You slump to the warm tile floor with a heaving sigh. You somewhat regret doing so many laps. But then, more work is healthy and keeps you away from… home. You decide to stop that stream of thought. The ceiling lights and fan grates on the walls are not running. The staff on duty, a cemale named Sever, lay on the floor by the control panel, tapping away at a touchscreen device. Le has been waiting for you, perked up when you walked in.

“Things goin’ down, stinga?” Sever greets you.

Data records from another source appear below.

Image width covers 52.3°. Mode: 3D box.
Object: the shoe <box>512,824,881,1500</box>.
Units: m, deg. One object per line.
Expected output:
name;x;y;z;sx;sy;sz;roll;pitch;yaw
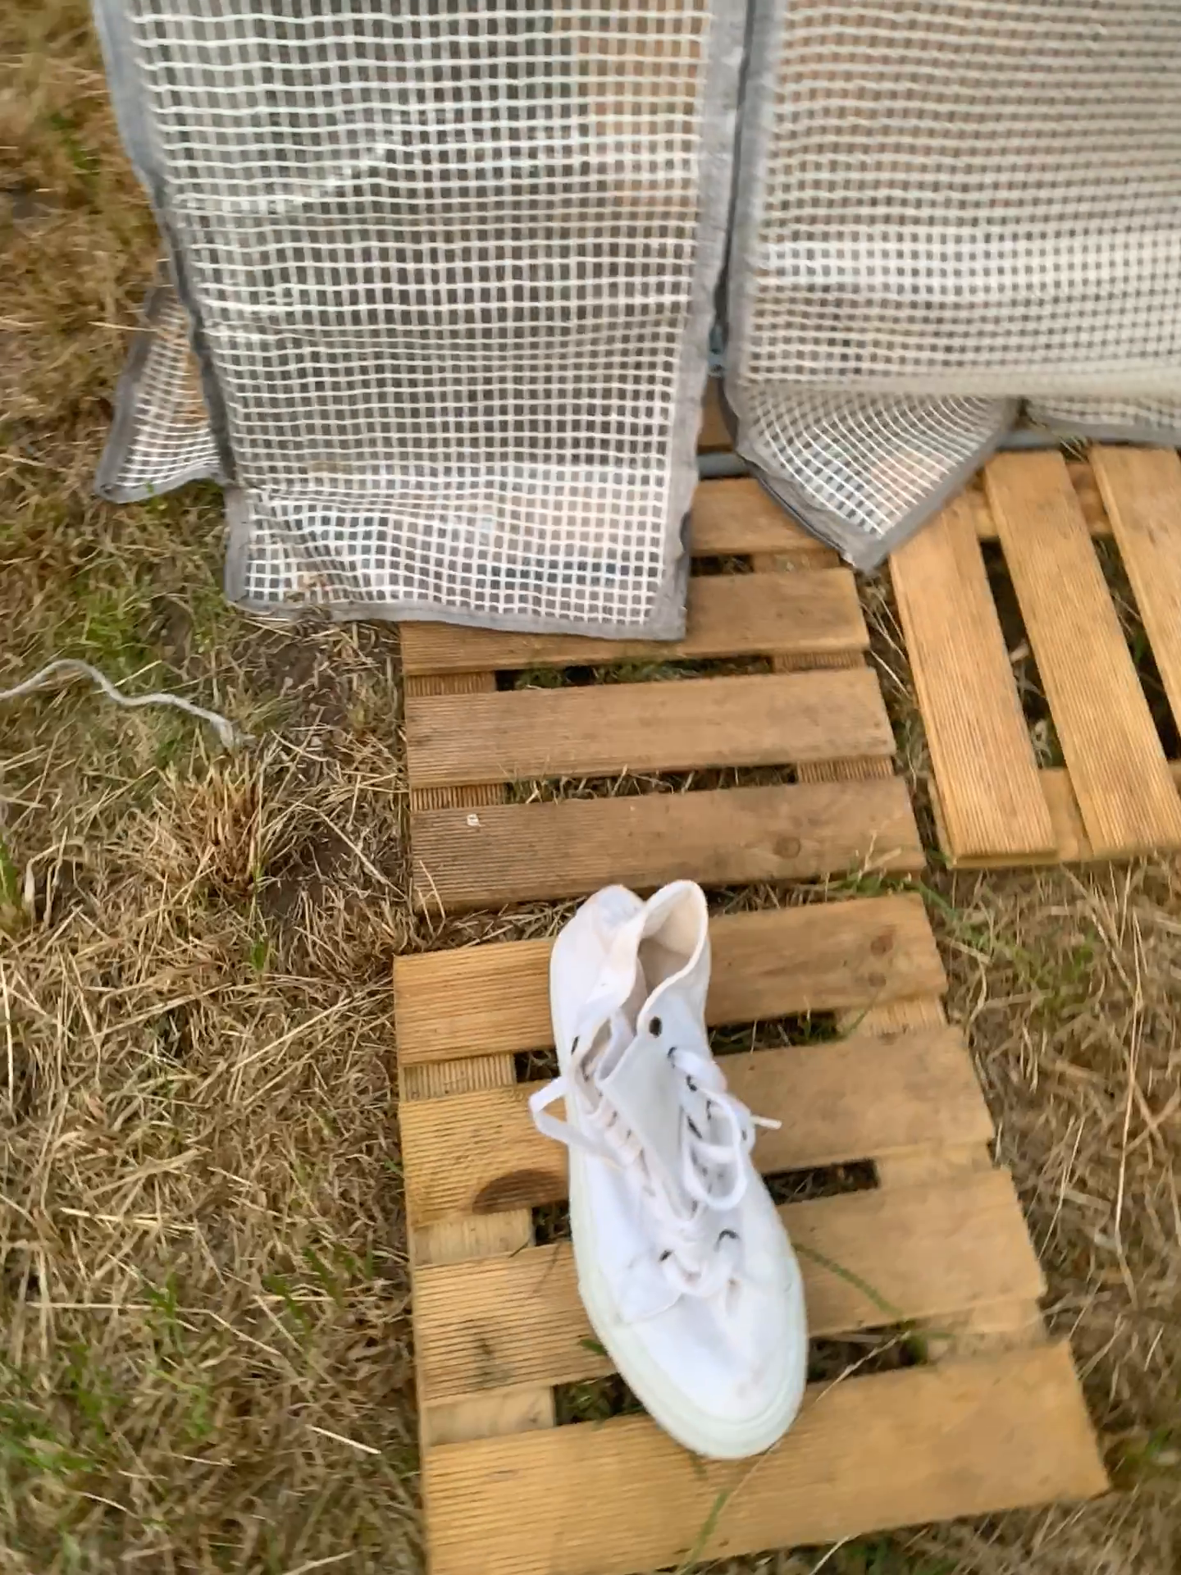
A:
shoe;0.033;0.161;0.551;0.100;0.109;0.262;-8;54;-6

“Hello,” you respond. “Can I ask this question again: how have you not been discharged from your job yet?”

“Sink down, stinga. I know when n’ when not to leak slurs.” Sever tilts ler head. “Although you have not hit puberty yet, is that right? So I can not go calling’ you a stinga yet.”

“My tail started developing a couple of cycles ago. So you are poly. Insult away, hen. And dry me off when you are done, please.”

Sever laughs. “You have got it, bat!” Le sits up and turns a couple dials on the control panel. The lights glow. Warm light and gentle breeze fills the room. Sever lays back down to mess with ler touchscreen device again.

As the relaxing, sunlike heat dries you, you return to your original internal dialogue. It was too negative. It can be hard to convince others to consider a weird birth defect as “poly”. Especially when the unnatural appendages brush them in school hallways, or smack them in the face when you’re involuntarily gesturing. The awkwardness of wings is a boon, in your opinion. It lets you know who and who not to be friends with, depending on whether a dragon shudders or shrinks back in a “subtle” movement when you touch them.

Having succeeded in turning a negative train of thought into a positive one, you decide to just relax on the floor and pass the time. You’d like to keep as much time away from home as possible. Going out to swim is one of your main strategies of escape.

Your thoughts devolve into blurry images of winged touchscreen devices writing song lyrics as you begin to drain off. Just as your eyes begin to sink closed, Sever speaks. “Woah there, birdie. You are not gonna be sinkin’ asleep in here.”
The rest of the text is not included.